Backpedal Award of the Week: Two Guys Named Mark  

On Recode Decode this week, Facebook CEO Mark Zuckerberg said he doesn’t believe Facebook should take down posts denying the Holocaust because “I think there are things that different people get wrong. I don’t think that they’re intentionally getting it wrong. … It’s hard to impugn intent and to understand the intent.” He has since backpedaled, saying he does not defend Holocaust deniers. And before this latest scandal began to blow over, BuzzFeed News reported that in the days after on election night, Zuckerberg called the president-elect to congratulate him on his win and also for his team’s impressive use of Facebook.
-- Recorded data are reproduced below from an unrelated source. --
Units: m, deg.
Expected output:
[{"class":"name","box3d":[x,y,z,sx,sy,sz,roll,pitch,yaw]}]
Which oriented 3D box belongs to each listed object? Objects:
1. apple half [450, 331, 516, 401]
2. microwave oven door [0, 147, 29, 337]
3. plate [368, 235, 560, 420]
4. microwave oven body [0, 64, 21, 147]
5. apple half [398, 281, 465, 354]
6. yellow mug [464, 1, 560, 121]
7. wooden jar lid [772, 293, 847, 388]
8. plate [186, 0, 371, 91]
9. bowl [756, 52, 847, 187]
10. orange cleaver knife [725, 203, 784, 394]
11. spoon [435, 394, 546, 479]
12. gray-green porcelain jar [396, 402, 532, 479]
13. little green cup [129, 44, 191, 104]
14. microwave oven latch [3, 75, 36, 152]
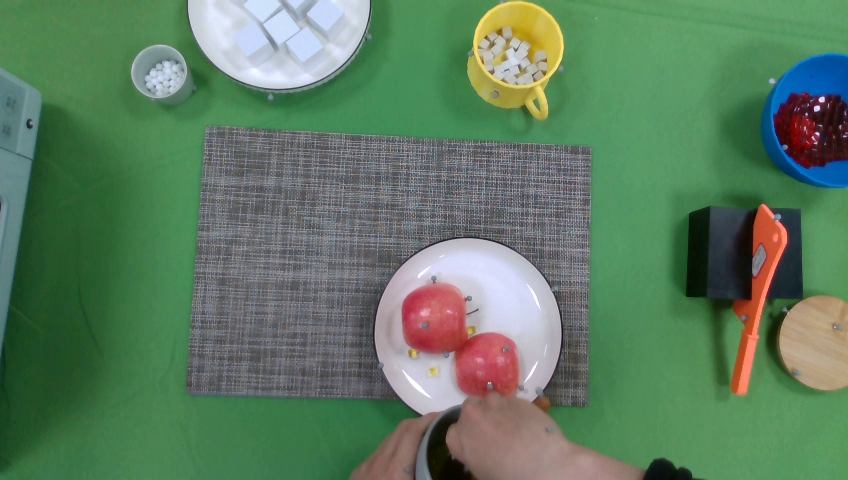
[{"class":"apple half","box3d":[0.066,0.139,0.663,0.081,0.033,0.081,1,81,-3]},{"class":"microwave oven door","box3d":[-0.466,0.070,0.536,0.039,0.244,0.355,6,84,-1]},{"class":"plate","box3d":[0.043,0.099,0.672,0.209,0.038,0.208,0,85,-3]},{"class":"microwave oven body","box3d":[-0.607,0.013,0.540,0.326,0.260,0.440,6,85,-2]},{"class":"apple half","box3d":[0.008,0.084,0.657,0.075,0.053,0.080,0,85,0]},{"class":"yellow mug","box3d":[0.105,-0.197,0.691,0.100,0.064,0.130,-26,87,-5]},{"class":"wooden jar lid","box3d":[0.453,0.116,0.701,0.108,0.021,0.108,0,85,-1]},{"class":"plate","box3d":[-0.164,-0.270,0.701,0.208,0.039,0.207,0,85,-2]},{"class":"bowl","box3d":[0.442,-0.128,0.693,0.151,0.077,0.151,0,85,-2]},{"class":"orange cleaver knife","box3d":[0.355,0.066,0.670,0.012,0.077,0.212,4,108,1]},{"class":"spoon","box3d":[0.057,0.189,0.556,0.022,0.194,0.041,2,52,-26]},{"class":"gray-green porcelain jar","box3d":[0.031,0.231,0.580,0.106,0.127,0.105,10,48,-11]},{"class":"little green cup","box3d":[-0.295,-0.185,0.685,0.061,0.038,0.061,0,85,-3]},{"class":"microwave oven latch","box3d":[-0.446,-0.138,0.657,0.030,0.029,0.079,9,85,-2]}]

Zuckerberg is not the only Mark in trouble. On Wednesday, actor Mark Duplass tweeted that liberals would be wise to hear out conservative commentator Ben Shapiro. For this, he was quickly and severely owned by Twitter users, who pointed out many of the racist, sexist, and anti-gay remarks Shapiro regularly makes. This Mark also backpedaled and apologized for the tweet, which he deleted.

Much-Needed Update of the Week: Instagram Will Let You Remove Followers

According to The Verge, Instagram is testing a function that would allow public accounts to remove followers. As it stands, users currently have to go private in order to control who can follow them or remain entirely public and deal with the consequences. Removing a follower is less extreme than blocking, and also means users will no longer have to go through the block-and-unblock workaround.

Holiday You Missed: World Emoji Day

Yes, there is now a holiday for everything. Tuesday was World Emoji Day, and I, for one, saw it come and go without much fanfare. (Paris Hilton celebrated.) However, there is a good piece of emoji news coming out of the holiday, and that is—of course—new emoji. There are a few new varieties of hair coming to emoji avatars, as well as a mango, and my personal favorite, a lobster.